*The problem*
What is needed is an exact copy of the lines in the listing below, from the one with "Turkey in 1974 to that in 2008?" up to and including the one with "Make the answer very short. 0.27.", with no other lines.

═════ Records for processing

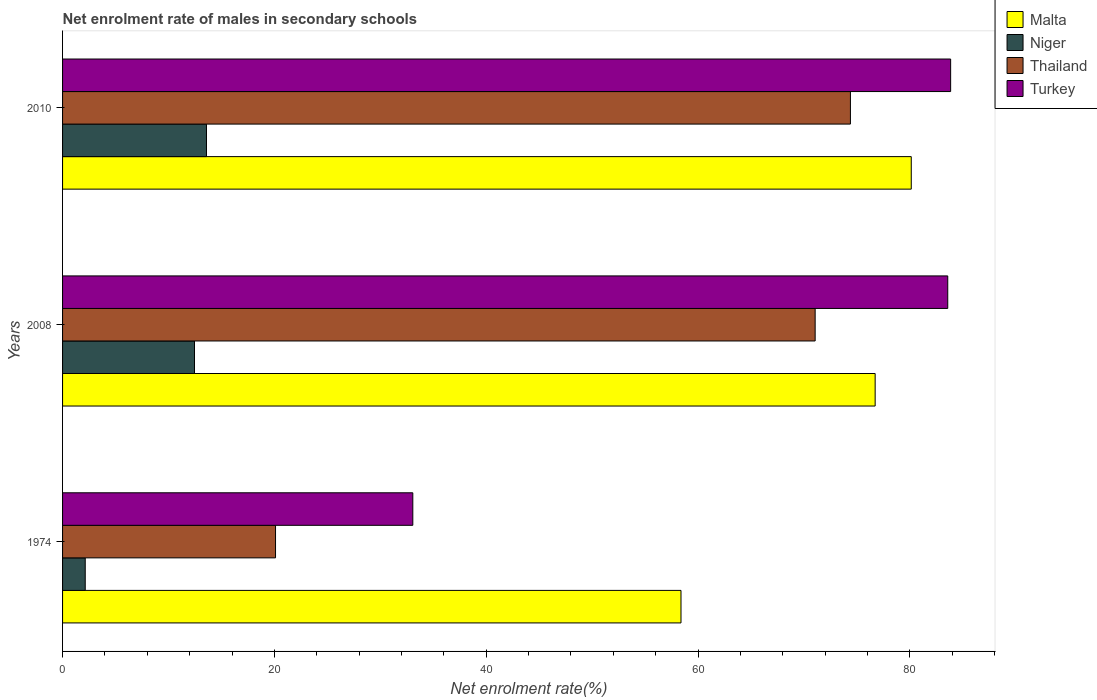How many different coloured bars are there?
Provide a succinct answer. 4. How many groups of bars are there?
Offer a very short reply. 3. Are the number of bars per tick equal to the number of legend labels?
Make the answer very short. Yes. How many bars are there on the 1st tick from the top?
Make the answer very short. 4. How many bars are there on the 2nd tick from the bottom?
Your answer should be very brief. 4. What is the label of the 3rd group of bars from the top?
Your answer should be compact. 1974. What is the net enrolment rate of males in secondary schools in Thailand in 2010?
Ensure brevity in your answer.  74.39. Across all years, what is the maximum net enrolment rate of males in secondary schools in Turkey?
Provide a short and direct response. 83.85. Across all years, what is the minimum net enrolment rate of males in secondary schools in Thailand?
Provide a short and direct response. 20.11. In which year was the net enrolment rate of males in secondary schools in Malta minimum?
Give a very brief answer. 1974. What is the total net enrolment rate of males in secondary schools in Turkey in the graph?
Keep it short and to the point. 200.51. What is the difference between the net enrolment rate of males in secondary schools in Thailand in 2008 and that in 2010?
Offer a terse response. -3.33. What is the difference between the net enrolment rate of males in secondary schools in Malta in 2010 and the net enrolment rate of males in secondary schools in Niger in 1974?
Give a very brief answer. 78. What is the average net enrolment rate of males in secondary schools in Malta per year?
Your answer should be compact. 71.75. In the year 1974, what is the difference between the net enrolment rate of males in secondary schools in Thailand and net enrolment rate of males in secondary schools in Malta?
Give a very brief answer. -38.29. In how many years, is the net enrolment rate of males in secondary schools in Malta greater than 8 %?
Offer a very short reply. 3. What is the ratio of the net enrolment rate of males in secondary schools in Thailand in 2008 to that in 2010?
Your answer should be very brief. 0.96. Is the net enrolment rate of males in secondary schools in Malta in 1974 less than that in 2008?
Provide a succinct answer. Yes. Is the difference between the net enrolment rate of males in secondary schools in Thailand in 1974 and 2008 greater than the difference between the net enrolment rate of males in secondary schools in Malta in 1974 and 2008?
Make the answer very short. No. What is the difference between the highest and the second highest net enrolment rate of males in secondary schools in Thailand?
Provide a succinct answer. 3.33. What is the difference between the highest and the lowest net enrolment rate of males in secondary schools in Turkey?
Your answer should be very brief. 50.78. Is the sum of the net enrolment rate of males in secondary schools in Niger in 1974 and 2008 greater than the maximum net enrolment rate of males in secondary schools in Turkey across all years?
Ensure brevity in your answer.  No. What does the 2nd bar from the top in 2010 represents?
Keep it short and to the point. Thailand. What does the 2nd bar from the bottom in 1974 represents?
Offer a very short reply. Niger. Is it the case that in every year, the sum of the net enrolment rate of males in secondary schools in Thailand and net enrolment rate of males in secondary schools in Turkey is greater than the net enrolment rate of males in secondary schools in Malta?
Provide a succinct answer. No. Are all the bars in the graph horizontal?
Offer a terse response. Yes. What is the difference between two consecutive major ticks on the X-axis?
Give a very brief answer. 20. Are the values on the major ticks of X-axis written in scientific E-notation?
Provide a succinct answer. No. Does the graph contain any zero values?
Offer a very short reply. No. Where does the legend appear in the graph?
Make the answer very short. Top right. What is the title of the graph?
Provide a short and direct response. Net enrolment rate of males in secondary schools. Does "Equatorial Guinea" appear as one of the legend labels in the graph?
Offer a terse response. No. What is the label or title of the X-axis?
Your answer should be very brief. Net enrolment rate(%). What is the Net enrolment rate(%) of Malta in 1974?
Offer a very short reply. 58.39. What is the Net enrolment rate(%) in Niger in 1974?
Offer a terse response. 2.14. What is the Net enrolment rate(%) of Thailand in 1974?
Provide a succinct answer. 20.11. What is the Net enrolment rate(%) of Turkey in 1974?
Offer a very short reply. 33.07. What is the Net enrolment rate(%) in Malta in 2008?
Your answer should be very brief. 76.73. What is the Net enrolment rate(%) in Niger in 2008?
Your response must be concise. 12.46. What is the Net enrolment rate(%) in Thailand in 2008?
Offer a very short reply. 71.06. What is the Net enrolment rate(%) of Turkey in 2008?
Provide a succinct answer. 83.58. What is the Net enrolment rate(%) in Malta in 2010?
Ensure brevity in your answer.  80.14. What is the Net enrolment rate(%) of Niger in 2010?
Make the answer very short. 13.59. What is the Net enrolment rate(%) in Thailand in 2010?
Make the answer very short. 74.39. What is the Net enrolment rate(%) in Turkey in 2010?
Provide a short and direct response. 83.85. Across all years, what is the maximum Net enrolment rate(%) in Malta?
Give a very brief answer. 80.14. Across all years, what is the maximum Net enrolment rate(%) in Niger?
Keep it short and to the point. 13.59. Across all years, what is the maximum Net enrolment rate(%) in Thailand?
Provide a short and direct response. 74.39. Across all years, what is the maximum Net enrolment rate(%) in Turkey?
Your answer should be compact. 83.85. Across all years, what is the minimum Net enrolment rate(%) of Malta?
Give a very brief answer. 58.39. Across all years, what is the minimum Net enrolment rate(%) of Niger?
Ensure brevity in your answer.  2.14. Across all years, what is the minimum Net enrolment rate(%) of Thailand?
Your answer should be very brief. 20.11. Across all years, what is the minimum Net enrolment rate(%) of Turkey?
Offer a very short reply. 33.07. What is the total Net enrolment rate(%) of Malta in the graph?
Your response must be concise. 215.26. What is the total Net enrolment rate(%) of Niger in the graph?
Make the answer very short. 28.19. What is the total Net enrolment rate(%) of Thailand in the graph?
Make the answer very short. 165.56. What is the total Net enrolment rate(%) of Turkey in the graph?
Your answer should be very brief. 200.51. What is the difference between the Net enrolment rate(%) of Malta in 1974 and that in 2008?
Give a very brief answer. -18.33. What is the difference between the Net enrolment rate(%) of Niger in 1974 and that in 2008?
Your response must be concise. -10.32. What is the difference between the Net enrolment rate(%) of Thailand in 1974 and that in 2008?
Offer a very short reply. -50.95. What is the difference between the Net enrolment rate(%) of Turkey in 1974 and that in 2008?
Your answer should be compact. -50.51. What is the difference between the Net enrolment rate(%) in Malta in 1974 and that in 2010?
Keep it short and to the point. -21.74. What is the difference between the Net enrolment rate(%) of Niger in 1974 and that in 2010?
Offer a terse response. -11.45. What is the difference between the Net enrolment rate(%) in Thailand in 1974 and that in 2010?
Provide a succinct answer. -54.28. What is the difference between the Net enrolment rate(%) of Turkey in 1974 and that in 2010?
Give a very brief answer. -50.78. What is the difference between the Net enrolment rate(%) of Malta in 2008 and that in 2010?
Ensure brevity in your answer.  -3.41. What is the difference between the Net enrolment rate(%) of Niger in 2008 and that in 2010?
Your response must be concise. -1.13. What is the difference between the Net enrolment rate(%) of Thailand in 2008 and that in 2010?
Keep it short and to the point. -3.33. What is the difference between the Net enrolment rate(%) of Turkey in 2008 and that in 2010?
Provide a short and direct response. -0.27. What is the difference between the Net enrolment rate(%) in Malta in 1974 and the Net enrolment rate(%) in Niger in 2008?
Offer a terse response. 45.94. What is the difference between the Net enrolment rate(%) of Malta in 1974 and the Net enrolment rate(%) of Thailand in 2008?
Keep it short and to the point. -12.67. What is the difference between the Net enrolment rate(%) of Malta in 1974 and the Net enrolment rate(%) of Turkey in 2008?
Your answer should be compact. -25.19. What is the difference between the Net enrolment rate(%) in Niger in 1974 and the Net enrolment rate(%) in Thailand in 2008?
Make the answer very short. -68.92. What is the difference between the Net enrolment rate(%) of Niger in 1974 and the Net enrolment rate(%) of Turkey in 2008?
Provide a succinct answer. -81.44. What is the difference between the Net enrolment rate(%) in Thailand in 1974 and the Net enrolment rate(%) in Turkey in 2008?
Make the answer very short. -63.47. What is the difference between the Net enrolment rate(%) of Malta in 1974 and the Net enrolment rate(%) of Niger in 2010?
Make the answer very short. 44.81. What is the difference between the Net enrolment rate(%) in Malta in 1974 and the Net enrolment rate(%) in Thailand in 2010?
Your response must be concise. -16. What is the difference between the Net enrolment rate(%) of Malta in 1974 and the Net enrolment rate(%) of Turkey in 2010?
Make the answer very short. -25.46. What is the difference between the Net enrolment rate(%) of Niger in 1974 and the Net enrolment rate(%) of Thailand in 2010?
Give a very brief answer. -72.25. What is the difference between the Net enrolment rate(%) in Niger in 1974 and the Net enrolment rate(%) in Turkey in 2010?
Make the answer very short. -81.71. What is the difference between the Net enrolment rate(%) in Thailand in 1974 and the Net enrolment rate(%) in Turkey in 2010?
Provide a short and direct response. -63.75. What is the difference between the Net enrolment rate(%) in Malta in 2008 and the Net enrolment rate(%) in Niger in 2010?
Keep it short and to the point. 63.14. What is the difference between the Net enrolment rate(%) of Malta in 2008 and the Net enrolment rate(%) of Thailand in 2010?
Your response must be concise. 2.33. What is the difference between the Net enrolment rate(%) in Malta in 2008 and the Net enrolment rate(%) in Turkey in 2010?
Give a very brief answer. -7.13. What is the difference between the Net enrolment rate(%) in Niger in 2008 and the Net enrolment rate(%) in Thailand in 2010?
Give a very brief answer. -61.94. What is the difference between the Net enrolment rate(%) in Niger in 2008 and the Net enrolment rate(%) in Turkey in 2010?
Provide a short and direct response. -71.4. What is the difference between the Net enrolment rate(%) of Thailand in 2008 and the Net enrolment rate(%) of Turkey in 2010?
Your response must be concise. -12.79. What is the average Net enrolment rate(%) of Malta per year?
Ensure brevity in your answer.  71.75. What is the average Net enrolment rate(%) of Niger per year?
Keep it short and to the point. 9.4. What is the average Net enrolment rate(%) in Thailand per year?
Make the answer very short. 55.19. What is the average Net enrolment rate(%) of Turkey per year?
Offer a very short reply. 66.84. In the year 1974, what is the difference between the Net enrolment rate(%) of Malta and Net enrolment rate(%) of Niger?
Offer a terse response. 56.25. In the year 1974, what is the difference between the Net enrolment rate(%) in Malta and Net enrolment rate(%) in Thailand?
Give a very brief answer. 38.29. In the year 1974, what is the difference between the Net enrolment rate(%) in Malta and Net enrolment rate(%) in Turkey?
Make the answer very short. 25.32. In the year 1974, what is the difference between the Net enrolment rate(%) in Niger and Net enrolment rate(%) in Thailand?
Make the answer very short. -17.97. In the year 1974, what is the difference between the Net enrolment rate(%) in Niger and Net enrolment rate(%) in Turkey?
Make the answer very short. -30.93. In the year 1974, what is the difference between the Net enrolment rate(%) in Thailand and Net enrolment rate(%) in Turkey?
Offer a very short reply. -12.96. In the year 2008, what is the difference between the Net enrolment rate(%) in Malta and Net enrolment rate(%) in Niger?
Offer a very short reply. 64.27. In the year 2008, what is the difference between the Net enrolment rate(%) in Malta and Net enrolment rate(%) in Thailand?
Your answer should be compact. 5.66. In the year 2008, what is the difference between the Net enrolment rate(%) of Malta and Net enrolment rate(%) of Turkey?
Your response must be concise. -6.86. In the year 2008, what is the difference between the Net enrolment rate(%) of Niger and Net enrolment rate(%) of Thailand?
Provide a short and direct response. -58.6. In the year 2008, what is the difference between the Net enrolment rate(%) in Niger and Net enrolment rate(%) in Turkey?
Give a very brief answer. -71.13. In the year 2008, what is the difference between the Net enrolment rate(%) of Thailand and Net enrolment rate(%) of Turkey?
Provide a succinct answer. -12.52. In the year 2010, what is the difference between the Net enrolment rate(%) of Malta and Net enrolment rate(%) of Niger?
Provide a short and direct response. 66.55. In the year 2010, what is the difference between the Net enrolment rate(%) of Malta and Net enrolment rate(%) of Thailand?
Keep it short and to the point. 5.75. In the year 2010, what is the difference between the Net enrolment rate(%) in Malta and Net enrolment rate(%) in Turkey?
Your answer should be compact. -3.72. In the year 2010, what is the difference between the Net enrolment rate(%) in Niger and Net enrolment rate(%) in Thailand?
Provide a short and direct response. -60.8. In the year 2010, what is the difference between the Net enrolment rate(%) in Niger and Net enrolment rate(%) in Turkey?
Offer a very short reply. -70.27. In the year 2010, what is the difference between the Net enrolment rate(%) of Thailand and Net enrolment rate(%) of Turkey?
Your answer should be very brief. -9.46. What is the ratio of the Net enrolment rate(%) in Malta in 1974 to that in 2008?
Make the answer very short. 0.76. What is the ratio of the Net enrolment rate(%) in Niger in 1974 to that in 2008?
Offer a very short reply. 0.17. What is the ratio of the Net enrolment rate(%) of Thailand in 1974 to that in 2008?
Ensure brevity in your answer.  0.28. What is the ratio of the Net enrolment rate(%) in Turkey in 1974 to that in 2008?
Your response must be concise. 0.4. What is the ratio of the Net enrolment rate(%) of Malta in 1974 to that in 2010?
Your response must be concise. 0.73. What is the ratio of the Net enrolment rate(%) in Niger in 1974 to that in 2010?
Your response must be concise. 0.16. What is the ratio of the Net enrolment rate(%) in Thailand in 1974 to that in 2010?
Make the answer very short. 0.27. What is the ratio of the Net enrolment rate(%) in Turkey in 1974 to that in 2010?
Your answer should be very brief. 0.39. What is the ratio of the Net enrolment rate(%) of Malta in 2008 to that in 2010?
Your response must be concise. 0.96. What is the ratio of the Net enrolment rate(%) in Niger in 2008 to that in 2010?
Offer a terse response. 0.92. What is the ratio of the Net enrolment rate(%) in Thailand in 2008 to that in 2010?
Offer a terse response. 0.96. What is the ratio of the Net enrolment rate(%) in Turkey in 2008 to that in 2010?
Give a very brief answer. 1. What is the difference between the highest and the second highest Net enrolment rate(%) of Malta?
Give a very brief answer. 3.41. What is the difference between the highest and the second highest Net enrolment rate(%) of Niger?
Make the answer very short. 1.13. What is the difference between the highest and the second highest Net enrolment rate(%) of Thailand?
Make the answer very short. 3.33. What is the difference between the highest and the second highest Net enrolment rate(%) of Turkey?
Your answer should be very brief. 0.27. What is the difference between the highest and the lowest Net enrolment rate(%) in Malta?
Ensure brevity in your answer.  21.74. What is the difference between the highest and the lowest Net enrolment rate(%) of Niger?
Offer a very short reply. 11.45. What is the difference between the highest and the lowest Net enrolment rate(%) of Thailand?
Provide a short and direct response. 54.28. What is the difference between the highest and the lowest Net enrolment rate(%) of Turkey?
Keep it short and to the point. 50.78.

══════════

*Solution below*
Ensure brevity in your answer.  0.28. What is the ratio of the Net enrolment rate(%) in Turkey in 1974 to that in 2008?
Your response must be concise. 0.4. What is the ratio of the Net enrolment rate(%) of Malta in 1974 to that in 2010?
Your response must be concise. 0.73. What is the ratio of the Net enrolment rate(%) in Niger in 1974 to that in 2010?
Your response must be concise. 0.16. What is the ratio of the Net enrolment rate(%) in Thailand in 1974 to that in 2010?
Make the answer very short. 0.27. What is the ratio of the Net enrolment rate(%) in Turkey in 1974 to that in 2010?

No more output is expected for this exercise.